=== Provided data ===
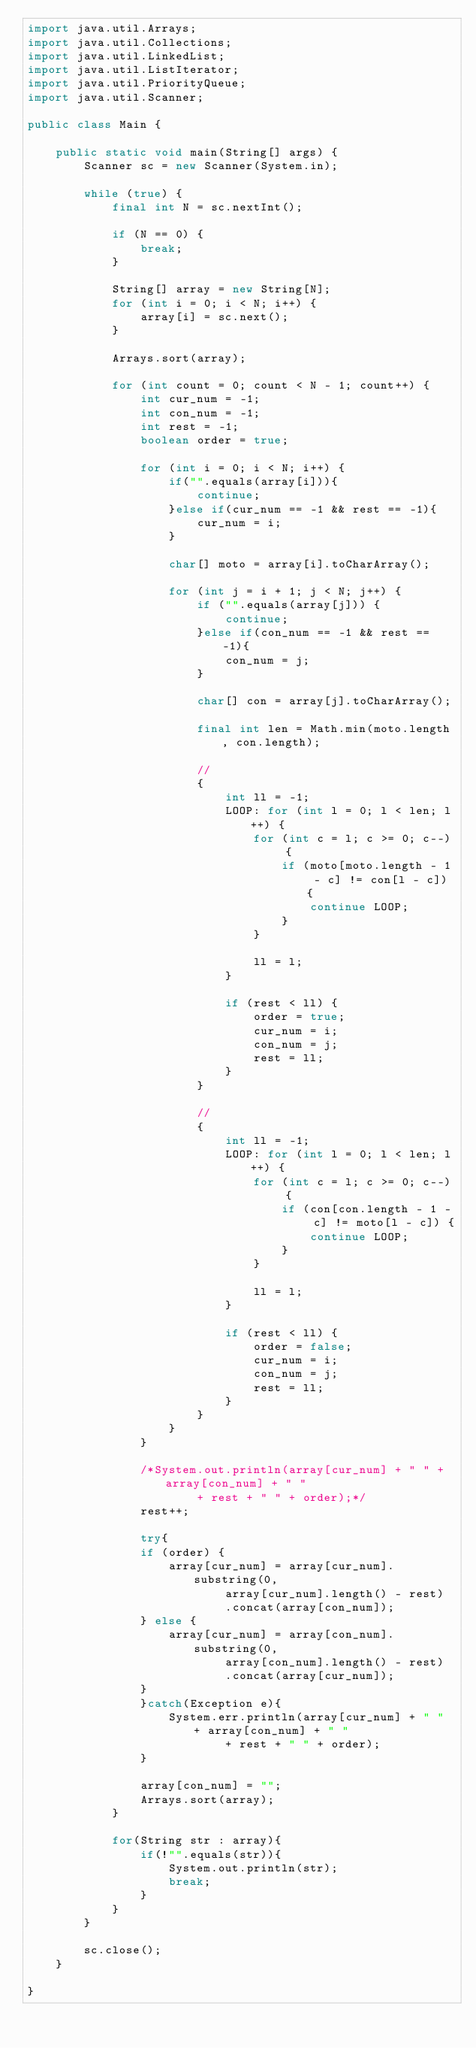Convert code to text. <code><loc_0><loc_0><loc_500><loc_500><_Java_>import java.util.Arrays;
import java.util.Collections;
import java.util.LinkedList;
import java.util.ListIterator;
import java.util.PriorityQueue;
import java.util.Scanner;

public class Main {

	public static void main(String[] args) {
		Scanner sc = new Scanner(System.in);

		while (true) {
			final int N = sc.nextInt();

			if (N == 0) {
				break;
			}

			String[] array = new String[N];
			for (int i = 0; i < N; i++) {
				array[i] = sc.next();
			}

			Arrays.sort(array);

			for (int count = 0; count < N - 1; count++) {
				int cur_num = -1;
				int con_num = -1;
				int rest = -1;
				boolean order = true;
				
				for (int i = 0; i < N; i++) {
					if("".equals(array[i])){
						continue;
					}else if(cur_num == -1 && rest == -1){
						cur_num = i;
					}
					
					char[] moto = array[i].toCharArray();

					for (int j = i + 1; j < N; j++) {
						if ("".equals(array[j])) {
							continue;
						}else if(con_num == -1 && rest == -1){
							con_num = j;
						}

						char[] con = array[j].toCharArray();

						final int len = Math.min(moto.length, con.length);

						//
						{
							int ll = -1;
							LOOP: for (int l = 0; l < len; l++) {
								for (int c = l; c >= 0; c--) {
									if (moto[moto.length - 1 - c] != con[l - c]) {
										continue LOOP;
									}
								}

								ll = l;
							}

							if (rest < ll) {
								order = true;
								cur_num = i;
								con_num = j;
								rest = ll;
							}
						}

						//
						{
							int ll = -1;
							LOOP: for (int l = 0; l < len; l++) {
								for (int c = l; c >= 0; c--) {
									if (con[con.length - 1 - c] != moto[l - c]) {
										continue LOOP;
									}
								}

								ll = l;
							}

							if (rest < ll) {
								order = false;
								cur_num = i;
								con_num = j;
								rest = ll;
							}
						}
					}
				}
				
				/*System.out.println(array[cur_num] + " " + array[con_num] + " "
						+ rest + " " + order);*/
				rest++;
				
				try{
				if (order) {
					array[cur_num] = array[cur_num].substring(0,
							array[cur_num].length() - rest)
							.concat(array[con_num]);
				} else {
					array[cur_num] = array[con_num].substring(0,
							array[con_num].length() - rest)
							.concat(array[cur_num]);
				}
				}catch(Exception e){
					System.err.println(array[cur_num] + " " + array[con_num] + " "
							+ rest + " " + order);
				}
				
				array[con_num] = "";
				Arrays.sort(array);
			}

			for(String str : array){
				if(!"".equals(str)){
					System.out.println(str);
					break;
				}
			}
		}

		sc.close();
	}

}</code> 
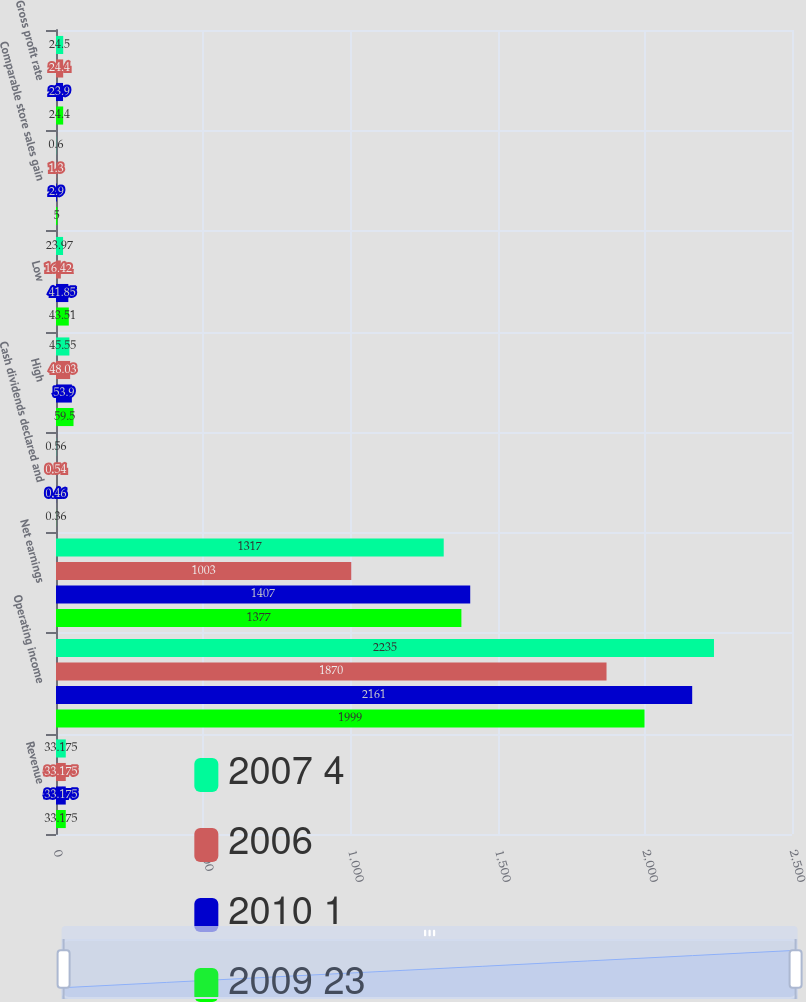<chart> <loc_0><loc_0><loc_500><loc_500><stacked_bar_chart><ecel><fcel>Revenue<fcel>Operating income<fcel>Net earnings<fcel>Cash dividends declared and<fcel>High<fcel>Low<fcel>Comparable store sales gain<fcel>Gross profit rate<nl><fcel>2007 4<fcel>33.175<fcel>2235<fcel>1317<fcel>0.56<fcel>45.55<fcel>23.97<fcel>0.6<fcel>24.5<nl><fcel>2006<fcel>33.175<fcel>1870<fcel>1003<fcel>0.54<fcel>48.03<fcel>16.42<fcel>1.3<fcel>24.4<nl><fcel>2010 1<fcel>33.175<fcel>2161<fcel>1407<fcel>0.46<fcel>53.9<fcel>41.85<fcel>2.9<fcel>23.9<nl><fcel>2009 23<fcel>33.175<fcel>1999<fcel>1377<fcel>0.36<fcel>59.5<fcel>43.51<fcel>5<fcel>24.4<nl></chart>
===
- Task brief -
Only the lines from the top of the material through the line containing "if (con[con.length - 1" should be written out, exactly and without pictures.

- Your response -
Convert code to text. <code><loc_0><loc_0><loc_500><loc_500><_Java_>import java.util.Arrays;
import java.util.Collections;
import java.util.LinkedList;
import java.util.ListIterator;
import java.util.PriorityQueue;
import java.util.Scanner;

public class Main {

	public static void main(String[] args) {
		Scanner sc = new Scanner(System.in);

		while (true) {
			final int N = sc.nextInt();

			if (N == 0) {
				break;
			}

			String[] array = new String[N];
			for (int i = 0; i < N; i++) {
				array[i] = sc.next();
			}

			Arrays.sort(array);

			for (int count = 0; count < N - 1; count++) {
				int cur_num = -1;
				int con_num = -1;
				int rest = -1;
				boolean order = true;
				
				for (int i = 0; i < N; i++) {
					if("".equals(array[i])){
						continue;
					}else if(cur_num == -1 && rest == -1){
						cur_num = i;
					}
					
					char[] moto = array[i].toCharArray();

					for (int j = i + 1; j < N; j++) {
						if ("".equals(array[j])) {
							continue;
						}else if(con_num == -1 && rest == -1){
							con_num = j;
						}

						char[] con = array[j].toCharArray();

						final int len = Math.min(moto.length, con.length);

						//
						{
							int ll = -1;
							LOOP: for (int l = 0; l < len; l++) {
								for (int c = l; c >= 0; c--) {
									if (moto[moto.length - 1 - c] != con[l - c]) {
										continue LOOP;
									}
								}

								ll = l;
							}

							if (rest < ll) {
								order = true;
								cur_num = i;
								con_num = j;
								rest = ll;
							}
						}

						//
						{
							int ll = -1;
							LOOP: for (int l = 0; l < len; l++) {
								for (int c = l; c >= 0; c--) {
									if (con[con.length - 1 - c] != moto[l - c]) {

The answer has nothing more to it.